Interesting Discussions

Note: some basic problems are discussed in the short demo, while more advanced problems are discussed here because they are more relavant to this extended work.

Overfitting of Adam

I our experiments, we found adam makes the models converge much faster than other optimizers. However, these models would overfit severely in 1-2 epochs, including shallow models (e.g. FM) and deep models.

The first solution is by choosing different optimizers. We find adagrad is more robust when learning rate and L2 regularization are set properly, and is not overfitting after 30+ epochs. However, the performance of adagrad on test set is no better than adam. Thus there is a trade-off between robustness and performance. For some enviroments requiring high robustness (e.g., online experiments), adagrad may be a better choice.

I believe the overfitting of adam starts from the embedding vectors, i.e., the embedding vectors are more likely to overfit. And I notice the variance of embedding vectors grows steadily when using adam even with large L2 penalty. An assumption about the gradients of adam has been discussed in the paper 4.3.

Another solution is regularization. In paper 4.4, we empirically discussed several popular regularization methods. In addition, I discussed those methods with other teams working on this direction through email. The most effective regularization would be weight decay and learning rate schedule. Many proofs can been found, including the paper Fixing weight decay regularization in Adam, the performance of adagrad (adagrad naturally decays learning rates during training), and some practices in other tasks (e.g., the training code of Bert by google and GPT by openai).

The last question is why overfitting in recommendation/CTR prediction. A possible reason is the distribution shift between train test sets is much severe in high-dimensional sparse scenarios.
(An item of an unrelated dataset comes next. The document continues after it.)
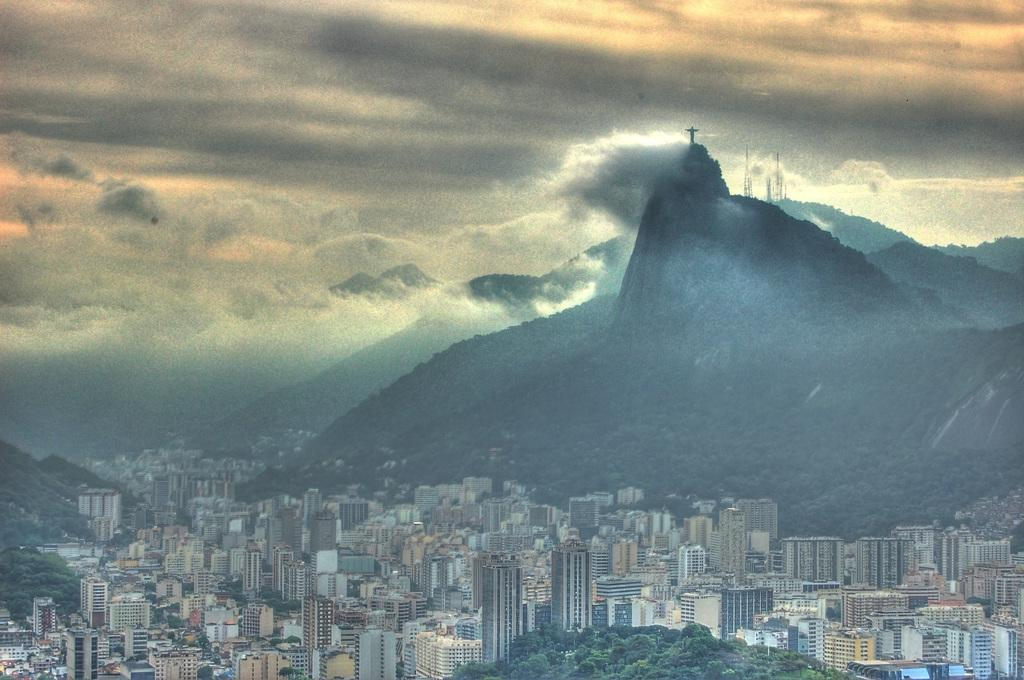What type of view is shown in the image? The image is an aerial view. What can be seen in the image from this perspective? There are many buildings, trees, and hills visible in the image. What is visible in the background of the image? The sky is visible in the image. What type of headphones are being used by the trees in the image? There are no headphones or trees using them in the image. What type of acoustics can be heard in the image? There is no sound or acoustics present in the image, as it is a still photograph. 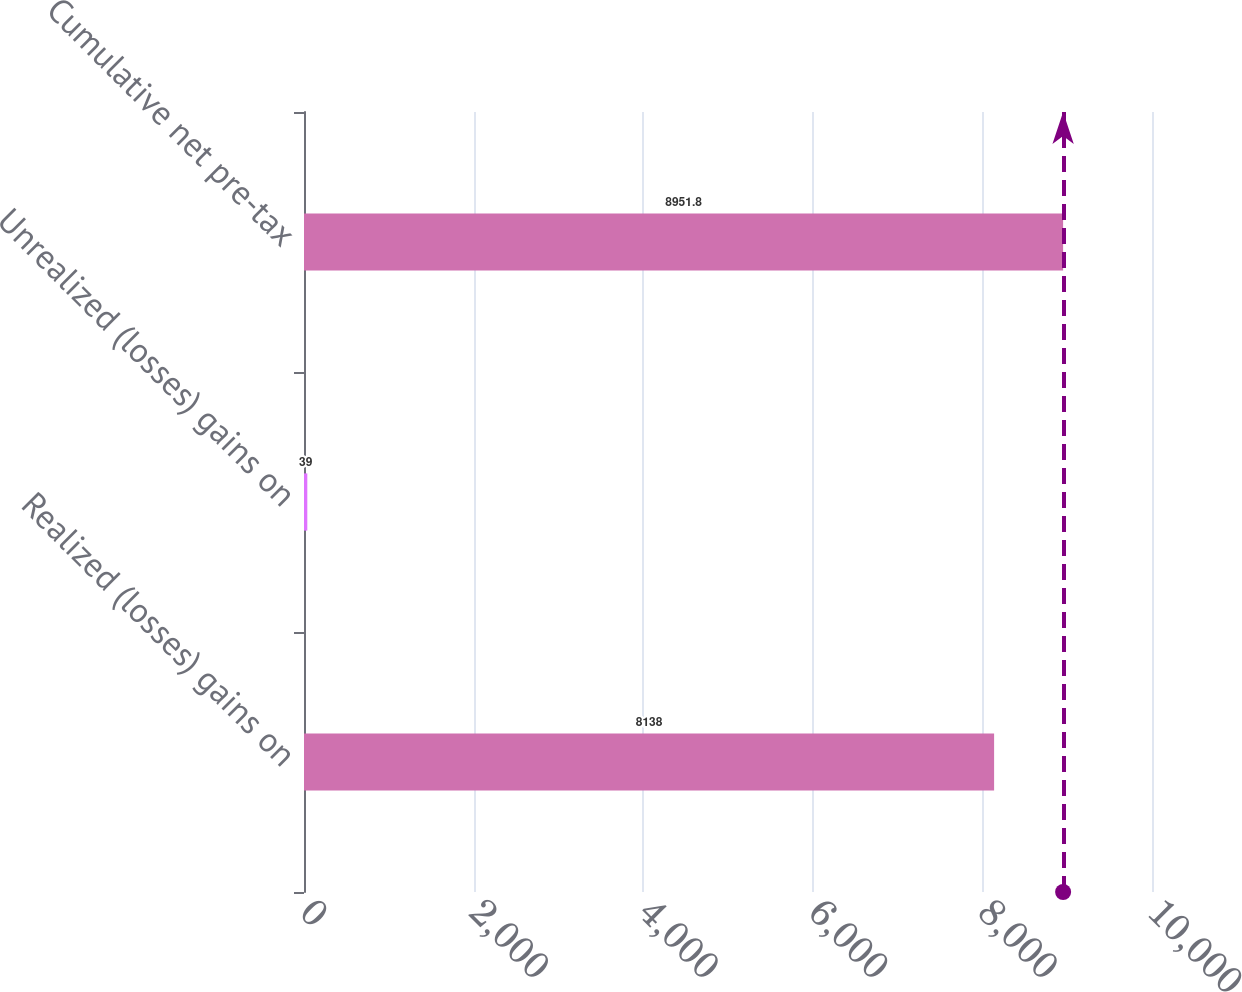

Performance Gain of Deep Models

Even though more and more complicated deep models are proposed for such high-dimensional sparse data, deeper networks can hardly outperform shallower networks significantly. In another word, the performance gain is less and less when networks grow deeper and deeper.

An assumption is, DNN has much lower sampling complexity than shallow models, yet its approximation ability is not significantly better.

A detailed discussion of sampling complexity on sparse data can be found at The Sample Complexity of Online One-Class Collaborative Filtering. This paper proposes, there is a lower bound for a specific sparse feature such that CF model can learn this feature very well when sufficient samples are trained. In another word, a good model only requires a certain amount of samples (of a feature). Even though this paper only discusses one-class CF models, if we suppose the conclusion also applies to DNNs, we can explain some experiment results of DNNs.

If we assume 1. DNNs require less samples then shallow models to achieve the same performance, 2. DNNs do not significantly outperform shallow models when sufficient samples (much more than the sampling complixity of shallow models) are provided, the above results can be easily explained.

The 2nd assumption relies on the approximation ability of DNNs, which has been discussed in the paper 3.2 and 5.4. And we draw the conclusion, "ideal" dataset is unfair for DNNs, and "downsample" may be harmful to compare the learning ability of shallow and deep models. Instead of increasing the capacity of DNNs and propose more and more complicated models, we should focus more on cold-start problems, which is a bigger and more important challenge in high-dimensional sparse data. Also, extending the sampling complexity theory to DNNs would also be interesting!

Besides, some recent advances in learning combinatorial features with DNNs are also intersting and are worth following.